– Прядь волос. Но отличницей я стала исключительно благодаря папиному обещанию отвезти меня в Сочи.
– А Максимка палец надрезал, идиот. Но так и остался круглым троечником.
Лена шутила, но Верзин ответил с пьяным вызовом:
– А я не оценки просил.
– А что?
– Не скажу. Тайна.
– У-у-у-у! – зловеще протянула Оля.
Верзин выпил и подумал зло: «Какая же ты красивая, Самохина».
Он вспомнил, как двадцать лет назад на речном пляже она уснула в его объятиях, как они лежали, одетые, так и не занявшиеся любовью и как ему хотелось убить ее. Взять круглый камень и разбить ей висок, чтобы никому, никому не досталась. Чтобы не изменила, не постарела, чтобы они лежали, убитая и самоубийца, и все бы восхищались ими.
А теперь им по тридцать семь. Он старый, женатый, уставший. Она вдова с ребенком. Но где-то на пляже до сих пор лежат два мертвых юных тела.
По двигающимся ртам Верзин понял, что женщины говорят о чем-то. Он прогнал алкогольную пелену и вслушался.
– Как-то мы жили так, понарошку, – говорила Оля, – у Сатаны оценки просили, хотели в Америку убежать, стать звездами.

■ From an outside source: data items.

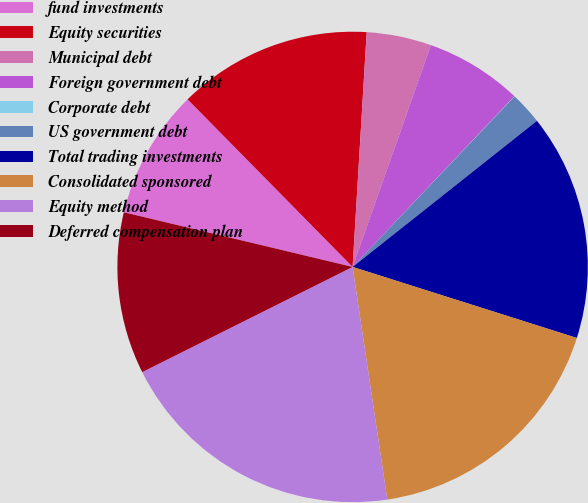<chart> <loc_0><loc_0><loc_500><loc_500><pie_chart><fcel>fund investments<fcel>Equity securities<fcel>Municipal debt<fcel>Foreign government debt<fcel>Corporate debt<fcel>US government debt<fcel>Total trading investments<fcel>Consolidated sponsored<fcel>Equity method<fcel>Deferred compensation plan<nl><fcel>8.89%<fcel>13.33%<fcel>4.45%<fcel>6.67%<fcel>0.02%<fcel>2.24%<fcel>15.55%<fcel>17.76%<fcel>19.98%<fcel>11.11%<nl></chart> 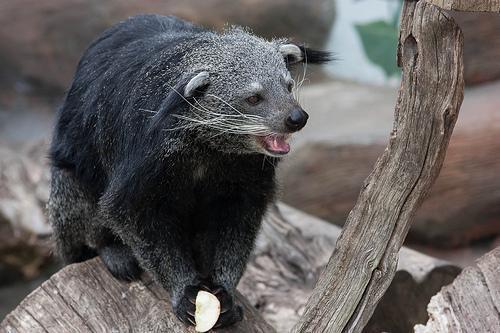How many animals are in the photo?
Give a very brief answer. 1. 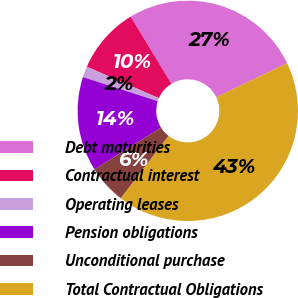Convert chart. <chart><loc_0><loc_0><loc_500><loc_500><pie_chart><fcel>Debt maturities<fcel>Contractual interest<fcel>Operating leases<fcel>Pension obligations<fcel>Unconditional purchase<fcel>Total Contractual Obligations<nl><fcel>26.55%<fcel>9.78%<fcel>1.6%<fcel>13.87%<fcel>5.69%<fcel>42.51%<nl></chart> 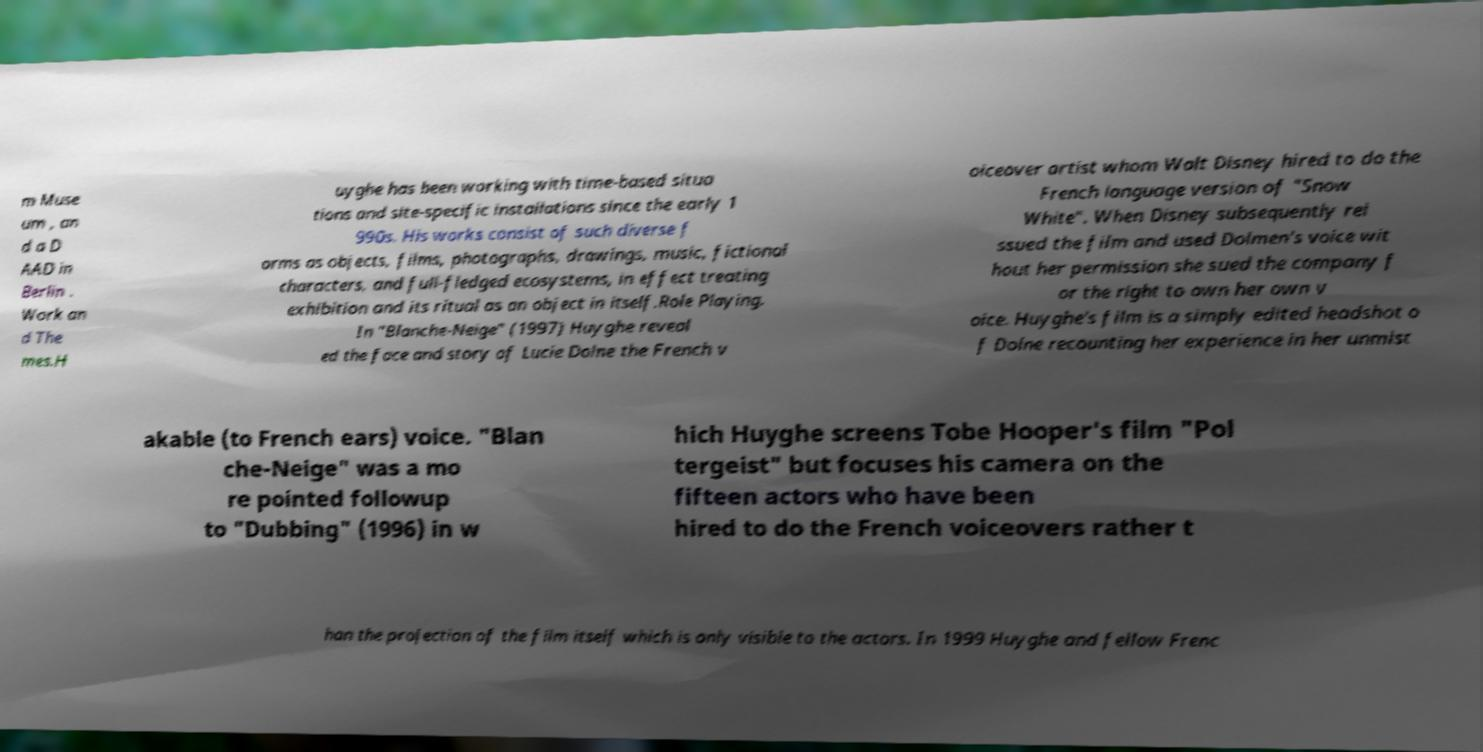There's text embedded in this image that I need extracted. Can you transcribe it verbatim? m Muse um , an d a D AAD in Berlin . Work an d The mes.H uyghe has been working with time-based situa tions and site-specific installations since the early 1 990s. His works consist of such diverse f orms as objects, films, photographs, drawings, music, fictional characters, and full-fledged ecosystems, in effect treating exhibition and its ritual as an object in itself.Role Playing. In "Blanche-Neige" (1997) Huyghe reveal ed the face and story of Lucie Dolne the French v oiceover artist whom Walt Disney hired to do the French language version of "Snow White". When Disney subsequently rei ssued the film and used Dolmen's voice wit hout her permission she sued the company f or the right to own her own v oice. Huyghe's film is a simply edited headshot o f Dolne recounting her experience in her unmist akable (to French ears) voice. "Blan che-Neige" was a mo re pointed followup to "Dubbing" (1996) in w hich Huyghe screens Tobe Hooper's film "Pol tergeist" but focuses his camera on the fifteen actors who have been hired to do the French voiceovers rather t han the projection of the film itself which is only visible to the actors. In 1999 Huyghe and fellow Frenc 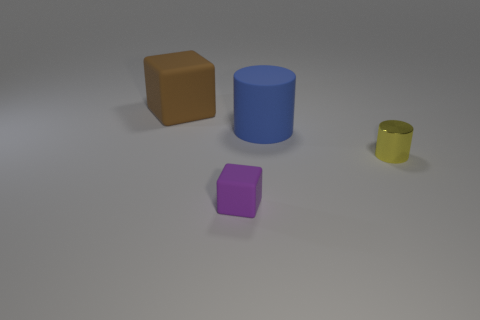Can you describe the colors of the objects in the image? Certainly, there are four objects with distinct colors. A brown cube, a blue cylinder, a smaller yellow cylinder, and a purple cube. 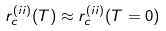<formula> <loc_0><loc_0><loc_500><loc_500>r _ { c } ^ { ( i i ) } ( T ) \approx r _ { c } ^ { ( i i ) } { ( T = 0 ) }</formula>

Боялись учителей. А теперь вот взрослые, и попросить не у кого, и бояться некого, и сбежать некуда.
– Да что ты, Оленька, – завелся Верзин и на глазах жены обнял Самохину: – Мы еще ого-го! «А»-класс, сила, ну.
Оля засмеялась и вежливо высвободилась из объятий.
– Тебе пить хватит, – поморщилась Лена.
– За тебя, Оль! – Верзин опрокинул рюмку. – Жаль мне Серегу. Хороший был человек. Я ему завидовал.
– Да уж. – Оля крутила в пальцах бокал и была ослепительно хороша.
– Нет, я правда завидовал. Ольку нашу, Шепелеву, украл. А Олька с кем попало не будет. Олька и без Голливуда звездой всегда была.
Лена незаметно пнула его туфлей.
Он замолчал, захрустел подсунутым под нос печеньем.